Scientists say they have traced how Alzheimer’s disease spreads through the brain and, in doing so, identified a promising place to try to stop it. According to ScienceDaily, the work points to little-known brain cells called tanycytes as players in how the disease advances.

Alzheimer’s is not a static condition but a spreading one, with damage propagating from region to region as the disease progresses. Understanding the mechanics of that spread is central to fighting it, because a therapy that halts the propagation could preserve the parts of the brain the disease has not yet reached.

Following the spread

Alzheimer’s does not stay put; the toxic tau protein associated with the disease moves from cell to cell, seeding damage as it goes. The new research uncovered a surprising role for tanycytes in that process, offering a clearer picture of the route the disease takes as it progresses through brain tissue.

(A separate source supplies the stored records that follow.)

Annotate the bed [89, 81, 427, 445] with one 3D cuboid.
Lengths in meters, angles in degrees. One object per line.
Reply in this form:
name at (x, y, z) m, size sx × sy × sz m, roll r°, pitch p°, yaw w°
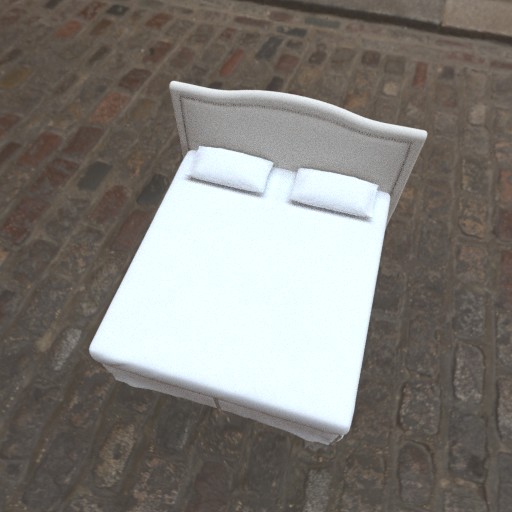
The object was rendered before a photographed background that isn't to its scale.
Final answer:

Tau’s ability to jump from one neuron to the next, corrupting healthy cells along the way, is part of what makes Alzheimer’s so relentless. Implicating tanycytes — a specialized and understudied cell type — in that journey adds a new element to the map of how the disease travels, and with it a new potential point of intervention.

A different treatment strategy

The finding suggests an alternative to simply trying to eliminate tau altogether. Instead, future treatments might aim to block tau from reaching healthy brain cells in the first place — interrupting the spread rather than only clearing what has already accumulated. Cutting off the disease’s path could, in principle, slow its march.

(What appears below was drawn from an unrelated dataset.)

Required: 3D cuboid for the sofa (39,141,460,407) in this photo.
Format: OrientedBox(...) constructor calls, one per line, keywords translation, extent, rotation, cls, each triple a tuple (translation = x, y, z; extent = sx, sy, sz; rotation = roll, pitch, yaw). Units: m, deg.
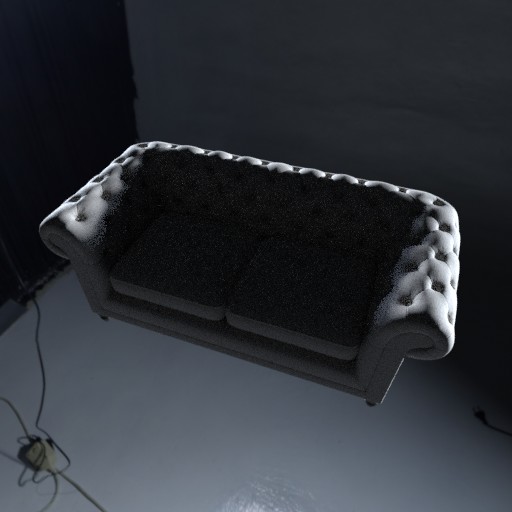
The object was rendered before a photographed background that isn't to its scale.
OrientedBox(translation=(0.000, 0.000, 2.464), extent=(1.998, 0.764, 0.986), rotation=(14, 43, 15), cls="sofa")

Clearing tau or amyloid that has already built up is difficult and has yielded mixed results in trials. Preventing the toxic protein from spreading to new cells is a fundamentally different tactic: rather than repairing damage, it aims to contain the disease and protect the brain regions still intact, potentially slowing decline even if existing damage cannot be reversed.

Why the approach is appealing

Many Alzheimer’s efforts have struggled because the disease is well entrenched by the time symptoms appear. A strategy focused on containment — keeping the damaging protein from jumping to new cells — attacks the problem from a different angle. The research is early and centered on mechanism rather than a ready therapy, but understanding exactly how Alzheimer’s spreads is a prerequisite for designing drugs that can halt it, and identifying a specific cell type involved gives researchers a concrete lead.

By the time memory problems become obvious, a great deal of brain damage has usually already occurred, which is one reason treatments aimed at reversing the disease have disappointed. A containment strategy could be valuable even relatively late, by protecting whatever function remains. Turning this mechanistic insight into a therapy will take years, but identifying how and where tau spreads gives the field a clearer target than it had before.

This article was researched with the help of AI, with human editors creating the final content.